His shameless promoting of The California Girls calendar as a tool to lure fans to the track was ridiculous. Roberts briefly tried this same behavior on RaceDay a while back, but we let it pass. Not this time.
NASCAR is different from any other sport. The Daly Planet has said this over-and-over again this season. NASCAR crowds in the stands are not the partying young people from NOPI land. They are not the hard drinking and fighting NFL crowds of many cities. SPEED's earlier attempt to create a show around the infield partying failed. It was just families in RV's having fun with their kids.
This is a critical weekend for SPEED. ESPN has already done their first couple of races, and then turned over practice and qualifying to SPEED. A lot more eyes than usual are on the network, and Friday was an outstanding day of great coverage and good humor. Saturday, not so much. But, we will address that in another column.

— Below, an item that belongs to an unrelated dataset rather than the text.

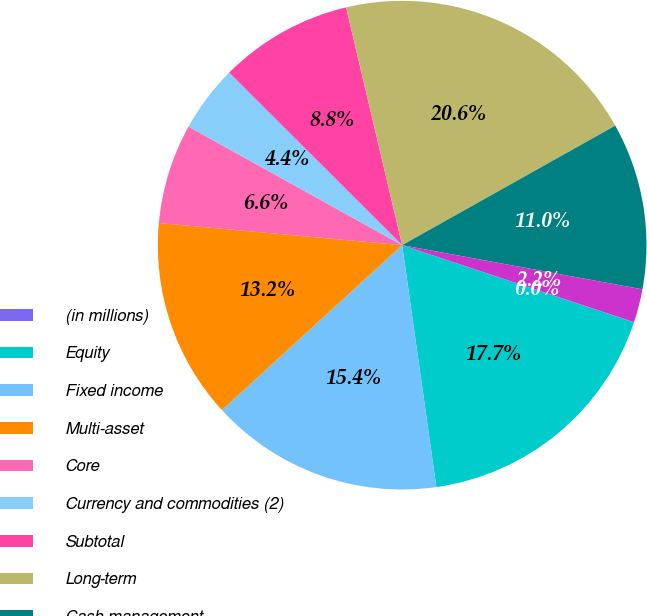Convert chart to OTSL. <chart><loc_0><loc_0><loc_500><loc_500><pie_chart><fcel>(in millions)<fcel>Equity<fcel>Fixed income<fcel>Multi-asset<fcel>Core<fcel>Currency and commodities (2)<fcel>Subtotal<fcel>Long-term<fcel>Cash management<fcel>Advisory (1)<nl><fcel>0.01%<fcel>17.65%<fcel>15.44%<fcel>13.24%<fcel>6.62%<fcel>4.42%<fcel>8.83%<fcel>20.55%<fcel>11.03%<fcel>2.21%<nl></chart>

This one slip on Saturday might not be huge, but I can't really judge it well because I am male. If you are a female NASCAR fan enjoying SPEED's in-depth coverage and listening to the trusted John Roberts, I can only imagine your feelings when the network basically throws you under the bus.
The California Girls are a misplaced effort by a desperate executive to save a struggling track. The amount of effort and money that has been spent on this project could have been used to encourage Hispanic fans, who are the missing element in this geographic area. Making them aware of the sport, and Montoya's rising star, would have been the most positive thing that could have been done between races.
Their simple presence at the track would solve the very problem Ms. Zucker faces. No matter how small the bikinis or how enticing the sexual innuendo, The California Girls are going to be facing middle-aged American families like the ones pictured behind Ms. Zucker above.
SPEED has some decisions to make, and they have been negligent in making them. Is their vision of women on the network the mature and professional Krista Voda and Wendy Venturini? Or is it the manufactured fame of bikini clad twentysomething models who are put on national TV as a marketing tool?
Female NASCAR fans are probably going to help the network decide with both their remote controls and their pocketbooks. Did I mention SPEED has some decisions to make?